-- Opening Marker --

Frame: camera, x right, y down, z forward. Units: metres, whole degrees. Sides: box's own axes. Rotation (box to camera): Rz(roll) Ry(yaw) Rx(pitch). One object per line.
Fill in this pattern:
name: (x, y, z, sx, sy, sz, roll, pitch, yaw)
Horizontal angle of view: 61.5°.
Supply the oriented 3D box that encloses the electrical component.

-- Closing Marker --
-- Opening Marker --

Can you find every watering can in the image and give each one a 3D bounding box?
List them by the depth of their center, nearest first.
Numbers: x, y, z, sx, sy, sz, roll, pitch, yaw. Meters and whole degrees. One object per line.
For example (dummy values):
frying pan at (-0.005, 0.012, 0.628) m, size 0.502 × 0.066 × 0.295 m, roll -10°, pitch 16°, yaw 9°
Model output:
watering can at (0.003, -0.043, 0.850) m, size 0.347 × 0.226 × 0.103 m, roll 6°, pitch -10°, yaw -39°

-- Closing Marker --
-- Opening Marker --

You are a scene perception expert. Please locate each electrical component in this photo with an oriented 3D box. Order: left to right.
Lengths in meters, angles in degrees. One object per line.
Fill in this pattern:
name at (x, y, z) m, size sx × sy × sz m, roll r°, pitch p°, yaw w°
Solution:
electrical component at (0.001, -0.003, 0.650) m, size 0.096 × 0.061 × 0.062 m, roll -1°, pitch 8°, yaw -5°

-- Closing Marker --

Work task ▸
Examine each line of the listing for the word "right" and state only how many lines contain it.

Solution for this problem ▸
2